If you’ve ever taken a class with me, you would probably be unsurprised to know that I planned on giving this article an ambitiously clever and all-encompassing title, something probably along the lines of “Flights I Have Missed or Accidentally Taken,” or “The Paranoid Guide to Europe” (that would of course feature key vocab such as serial killer [un serial killer] and to send oneself in a nervous spiral [bad-tripper].) But it turns out that just these two weeks in Bordeaux have already outgrown any catchy title. Every step of the way so far has been both harder and easier than I expected it to be. (It’s also almost eliminated my English-speaking and writing abilities, so bear with me here.)
See, the idea of being abroad is one of seemingly boundless opportunity – French cafés, nightclubs (these are called boîtes de nuit, or, literally, night boxes), red wine and crèpes, wearing lots of black and writing a bleak and highly metaphorical novel about the ever-changing view from a skylight. I’m not ruling any of these out, but the immediate reality of being abroad turns out to more frequently mean sitting in a stranger’s apartment, inexplicably watching Shrek the Third in a foreign language while the owner of said apartment liberally sprays the air with roach killer, assuming that this also works as mosquito repellent. (Due to a language barrier, the engrossing nature of the Kingdom of Dulock, and the fact that she may be onto something, I did not correct her.) You’re in France, yes, but it turns out that France will not come to you. You need to put down your jellybeans and go out and find her. So, in that vein, here are some of the things that I’ve found in my two weeks before Paris:
1) The smallest and dustiest Roman crypts possible, located underneath the church that I pass by on the way to class. There wasn’t much to tell about the catacombs since most of the tombs seemed to have been raided years ago, but I left them a rose from the church garden just in case, since you never know when spirits might need appeasing.

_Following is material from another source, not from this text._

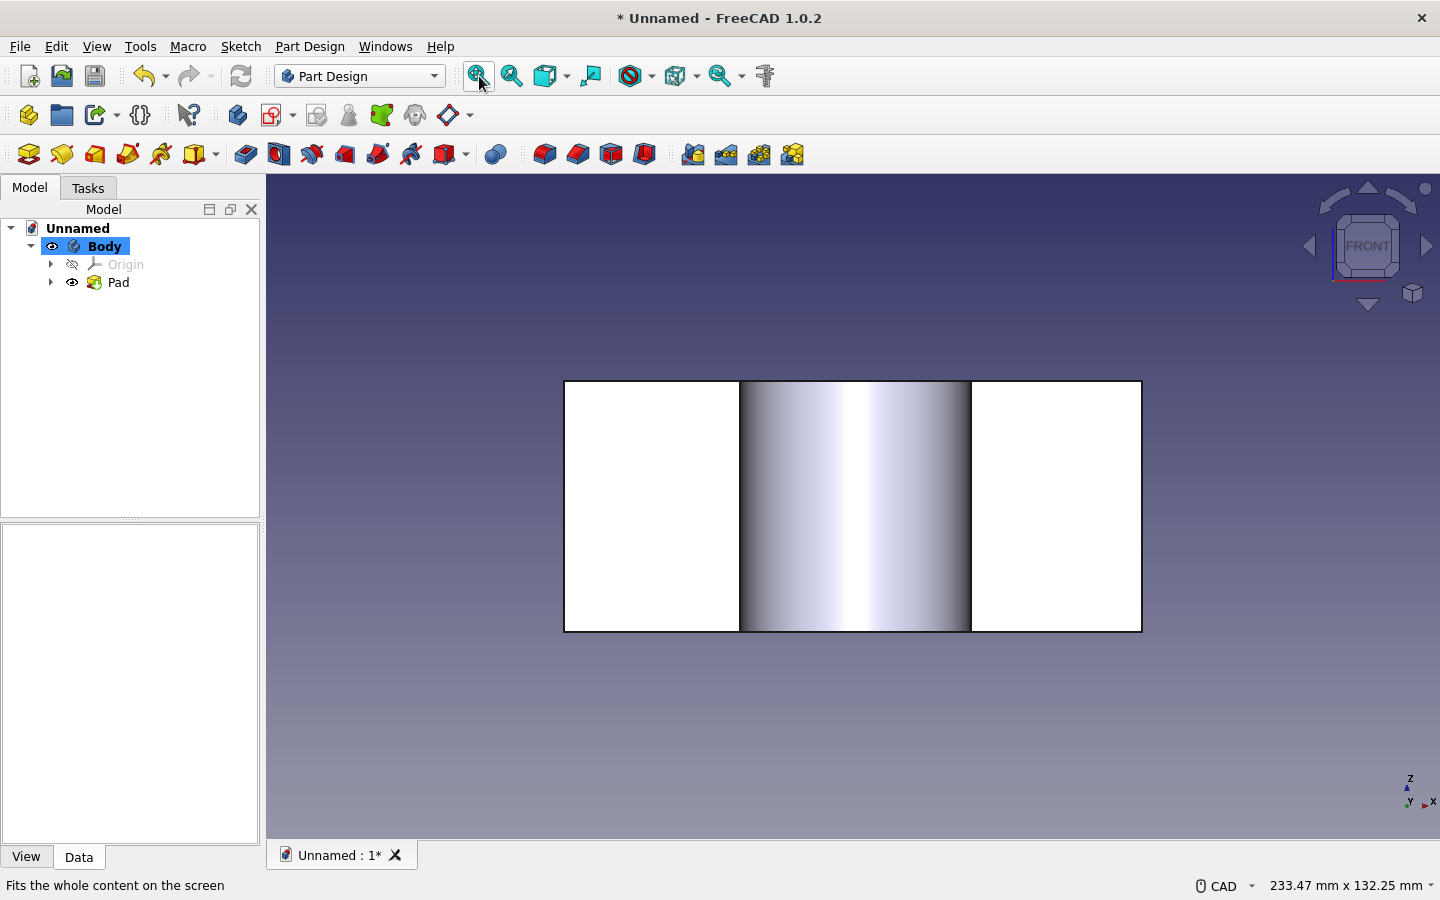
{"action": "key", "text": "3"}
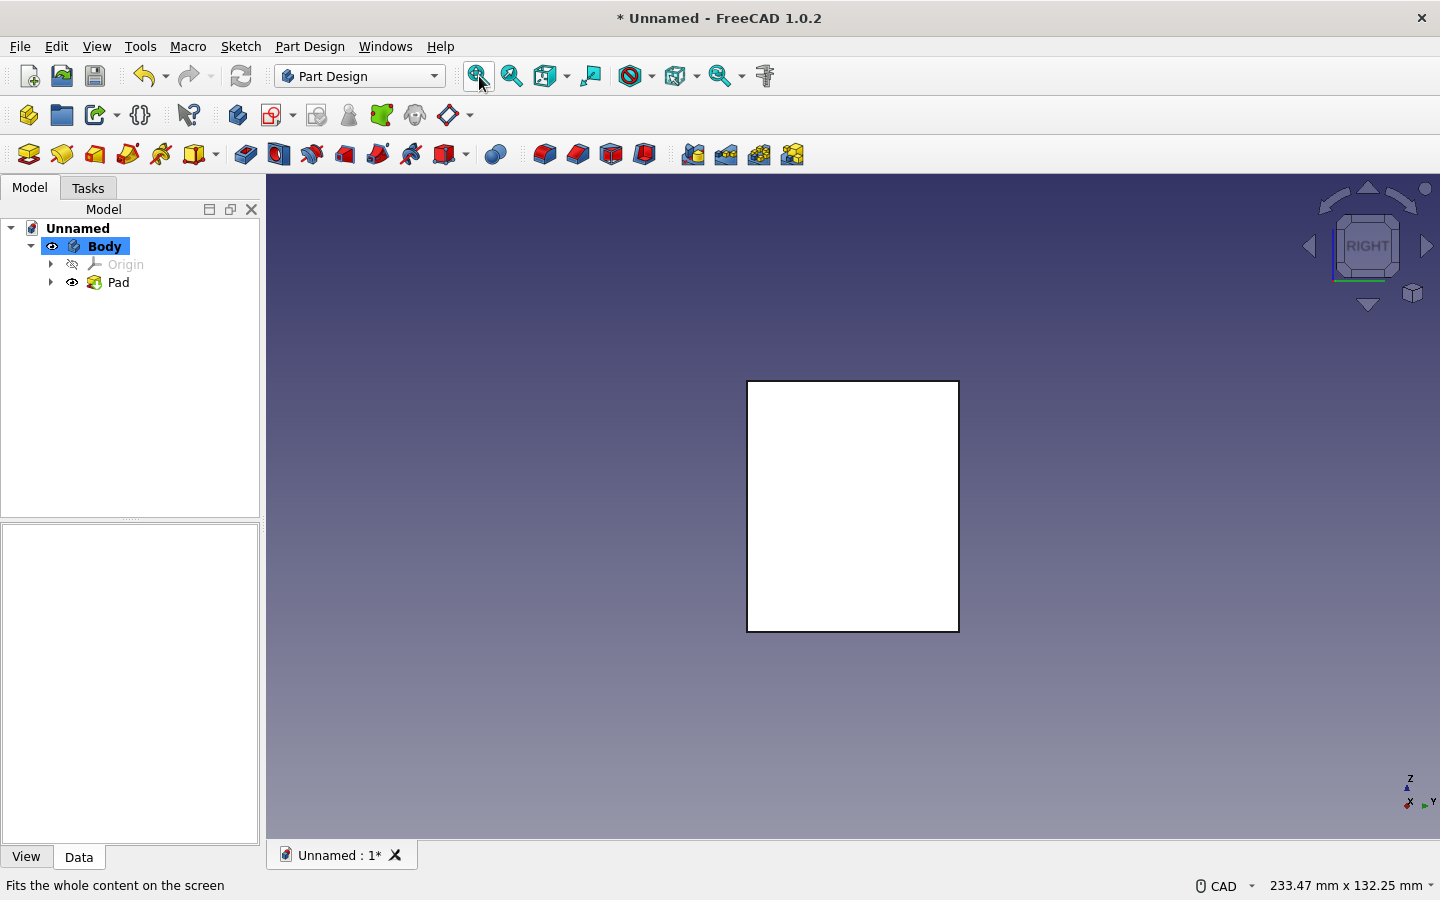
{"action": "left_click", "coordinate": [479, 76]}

2) A wine-tasting class, and afterwards a visit to a chateau to taste their selection. Attention all drama majors: If you’re looking for a career that uses our highly specific skill set of creating an atmospheric yet esoteric triumph of evocative language (this is a good start here), then crafting the “world of the wine” is for you! I guarantee that you already have the required aura of all-knowing mystery and the alcohol tolerance. Just learn French and you’ll be all set.
3) A topless beach. To be fair, it may not have been a topless beach. But it was in Europe and at least one other lady was doing it. Besides, how many of you can say that the housing director of your program has seen your breasts? How many of you want to be able to say that?

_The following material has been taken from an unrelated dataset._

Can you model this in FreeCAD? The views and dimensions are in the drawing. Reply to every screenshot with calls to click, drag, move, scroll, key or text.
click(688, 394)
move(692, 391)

4) Sung and played guitar sur les quais (on the waterfront) with assorted Frenchmen, all of whom assume that my name can’t actually be Beautiful (Belle en français means beautiful) and that I either don’t speak their language or must be attempting to seduce them. Also, they all play Wonderwall by Oasis. Like, ALL of them know this song and want to sing it with you.
5) An actual life size mechanical T. Rex. That’s right, travel advisory: There are dinosaurs in Bordeaux.
6) The Dune du Pyla, the highest sand dune in Europe. Scaling it is much more difficult in practice than in theory, and by the time I had reached the top I was considering asking for a rescue helicopter (toujours une crise) since I was pretty sure I had developed asthma on the way up and would of course have to start a new life on top of the dune. Actually, there was already a couple starting a new life on top of the dune, a bride and groom taking their wedding photos. The bride must have been made of steel to have scaled this sand mountain in full wedding regalia plus train. French women are tough.
On the subject of tough French women, I’ll leave you with words of wisdom from my mosquito-slaying host mother, who, whenever I was going out, contemplating going out, or putting on makeup of any kind, would always say to me, “Profitez d’avoir 20 ans! Profitez d’être jeune et belle! Profitez de la vie!” (This means literally, “Profit from being 20! Enjoy being young and beautiful! Make the most of life!”) It turns out, she’s absolutely right. JYA is what you make of it, and Paris is waiting (tomorrow, in fact). Profitez-en!